• **Task item**: All lines with the word "from" in the material below are required.

• **Input records**:
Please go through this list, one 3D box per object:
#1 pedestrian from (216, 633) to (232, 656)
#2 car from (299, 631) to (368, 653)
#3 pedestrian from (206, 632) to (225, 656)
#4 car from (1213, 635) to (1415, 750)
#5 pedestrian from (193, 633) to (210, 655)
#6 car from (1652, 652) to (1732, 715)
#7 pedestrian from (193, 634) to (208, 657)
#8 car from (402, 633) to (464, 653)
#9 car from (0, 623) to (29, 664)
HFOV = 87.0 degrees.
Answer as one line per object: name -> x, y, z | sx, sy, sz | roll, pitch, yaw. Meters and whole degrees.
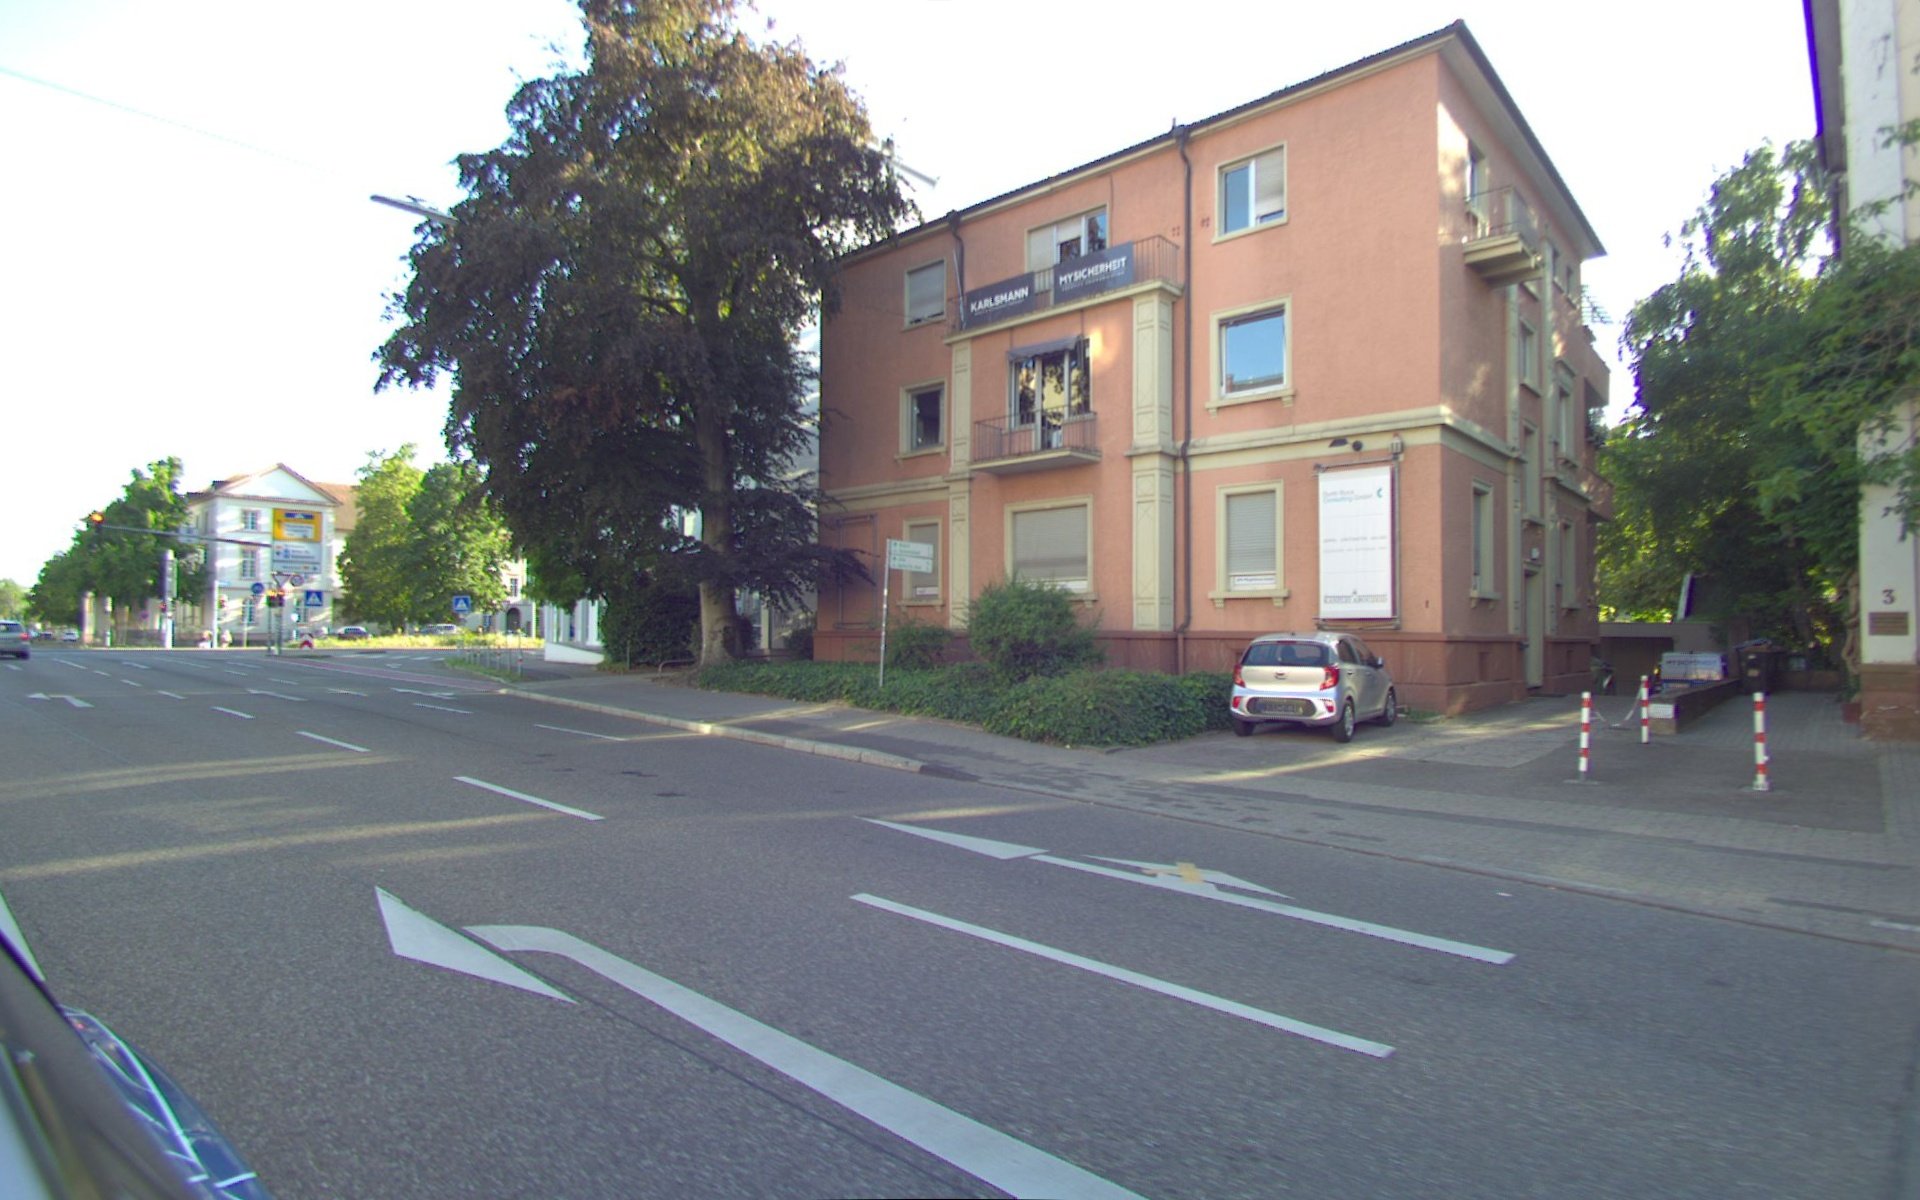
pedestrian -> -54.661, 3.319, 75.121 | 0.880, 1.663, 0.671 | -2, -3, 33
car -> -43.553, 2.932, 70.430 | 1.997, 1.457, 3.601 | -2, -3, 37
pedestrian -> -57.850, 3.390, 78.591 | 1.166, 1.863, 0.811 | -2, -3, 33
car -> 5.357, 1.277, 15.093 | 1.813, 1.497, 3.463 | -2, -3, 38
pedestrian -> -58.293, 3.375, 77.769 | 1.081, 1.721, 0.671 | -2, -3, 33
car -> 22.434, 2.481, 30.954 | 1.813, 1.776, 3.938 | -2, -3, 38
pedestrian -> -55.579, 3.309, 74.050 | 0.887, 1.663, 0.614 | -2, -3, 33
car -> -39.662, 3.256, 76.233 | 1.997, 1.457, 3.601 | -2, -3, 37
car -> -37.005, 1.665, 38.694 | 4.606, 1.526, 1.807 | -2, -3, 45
==
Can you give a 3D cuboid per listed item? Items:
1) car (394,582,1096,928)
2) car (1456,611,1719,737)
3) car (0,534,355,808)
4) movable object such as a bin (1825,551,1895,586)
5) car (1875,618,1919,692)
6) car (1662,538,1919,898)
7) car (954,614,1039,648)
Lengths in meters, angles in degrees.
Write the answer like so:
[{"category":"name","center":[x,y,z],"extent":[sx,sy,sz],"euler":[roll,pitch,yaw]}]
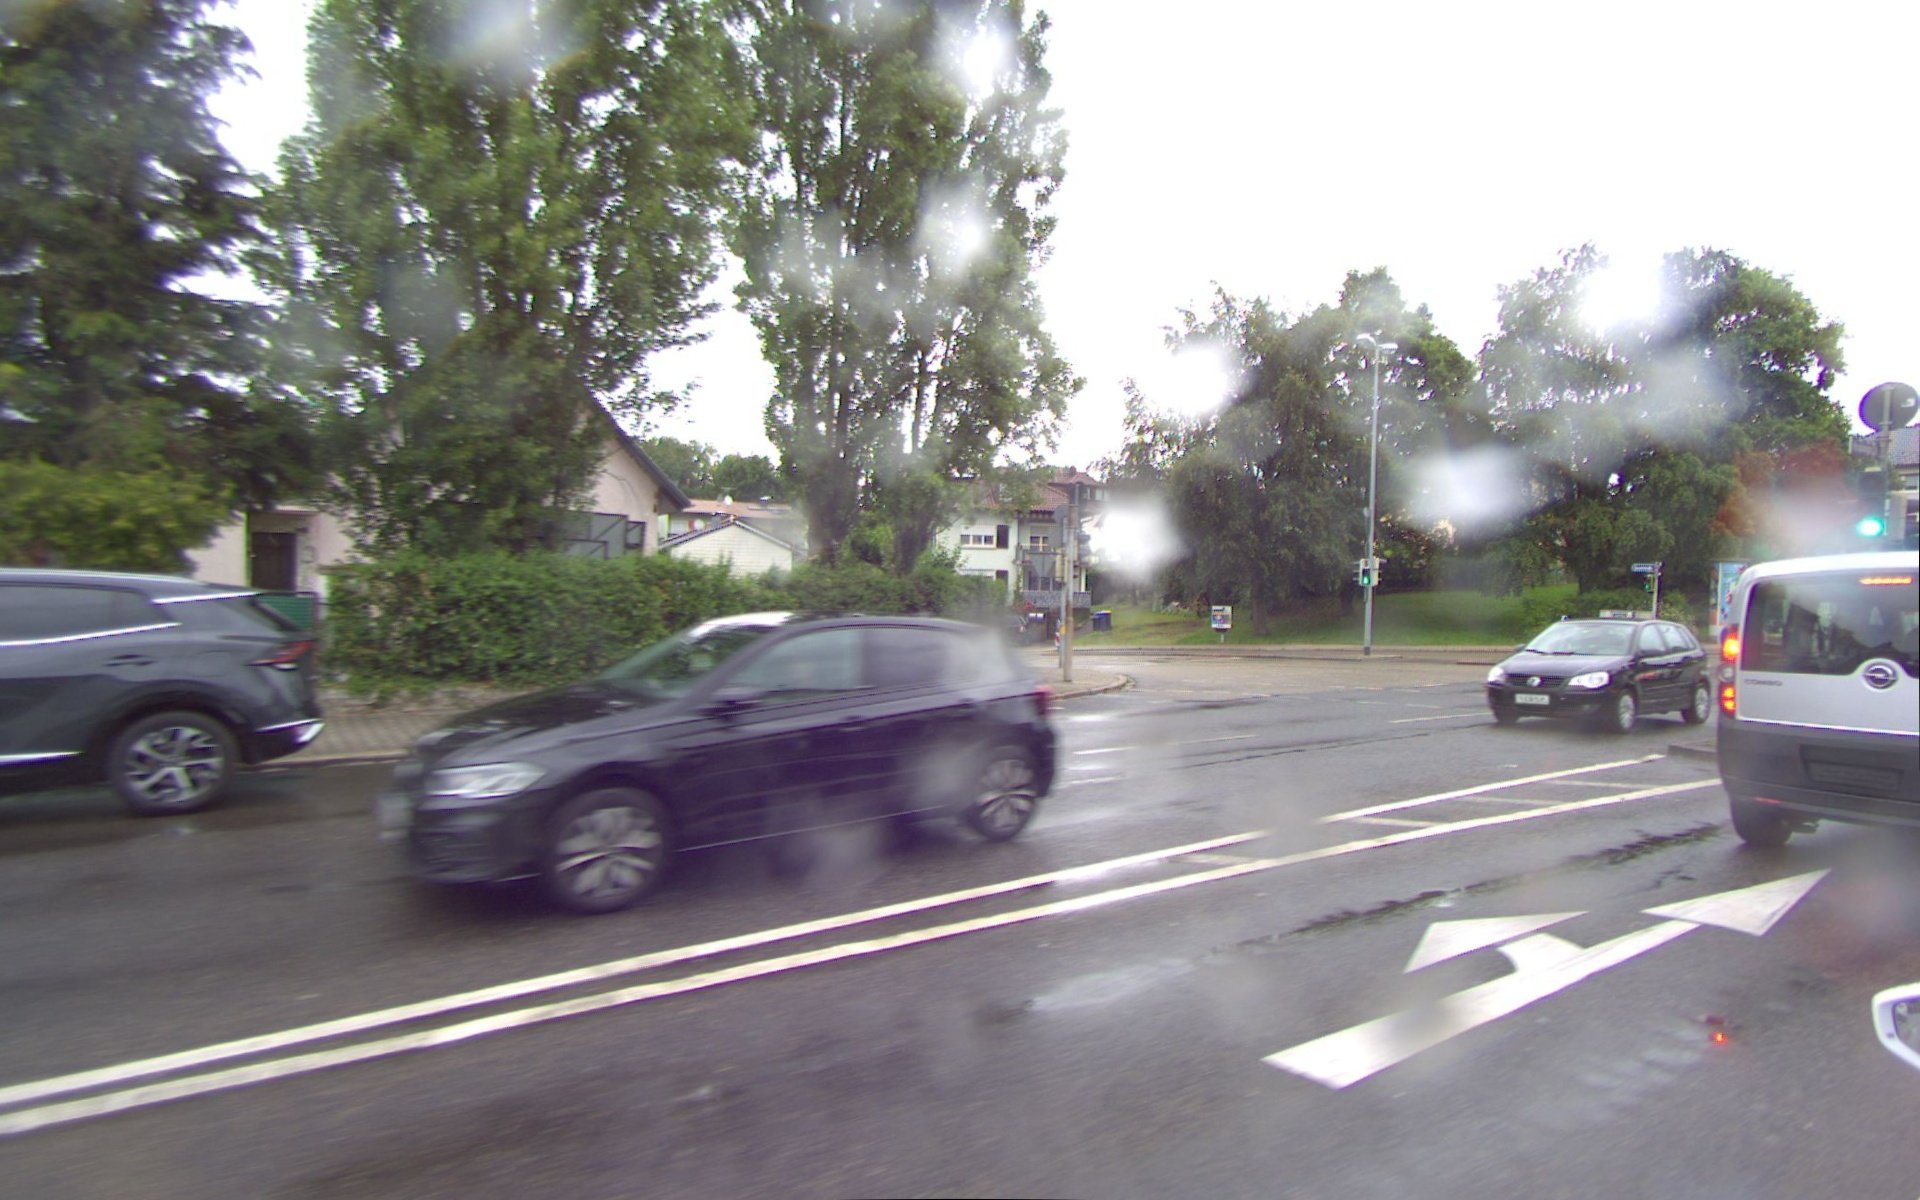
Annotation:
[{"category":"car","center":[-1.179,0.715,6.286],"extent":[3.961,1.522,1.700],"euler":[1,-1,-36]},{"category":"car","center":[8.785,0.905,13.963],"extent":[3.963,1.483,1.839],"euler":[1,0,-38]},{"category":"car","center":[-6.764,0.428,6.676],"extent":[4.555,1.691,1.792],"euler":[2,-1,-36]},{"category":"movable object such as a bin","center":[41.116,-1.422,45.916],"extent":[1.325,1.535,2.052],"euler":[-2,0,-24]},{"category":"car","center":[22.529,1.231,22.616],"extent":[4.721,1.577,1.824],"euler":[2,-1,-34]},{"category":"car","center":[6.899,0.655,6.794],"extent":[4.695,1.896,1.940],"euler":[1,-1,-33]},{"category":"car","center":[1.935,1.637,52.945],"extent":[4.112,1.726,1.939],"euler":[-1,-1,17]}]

• **Exercise result**:
#1 pedestrian from (216, 633) to (232, 656)
#2 car from (299, 631) to (368, 653)
#3 pedestrian from (206, 632) to (225, 656)
#4 car from (1213, 635) to (1415, 750)
#5 pedestrian from (193, 633) to (210, 655)
#6 car from (1652, 652) to (1732, 715)
#7 pedestrian from (193, 634) to (208, 657)
#8 car from (402, 633) to (464, 653)
#9 car from (0, 623) to (29, 664)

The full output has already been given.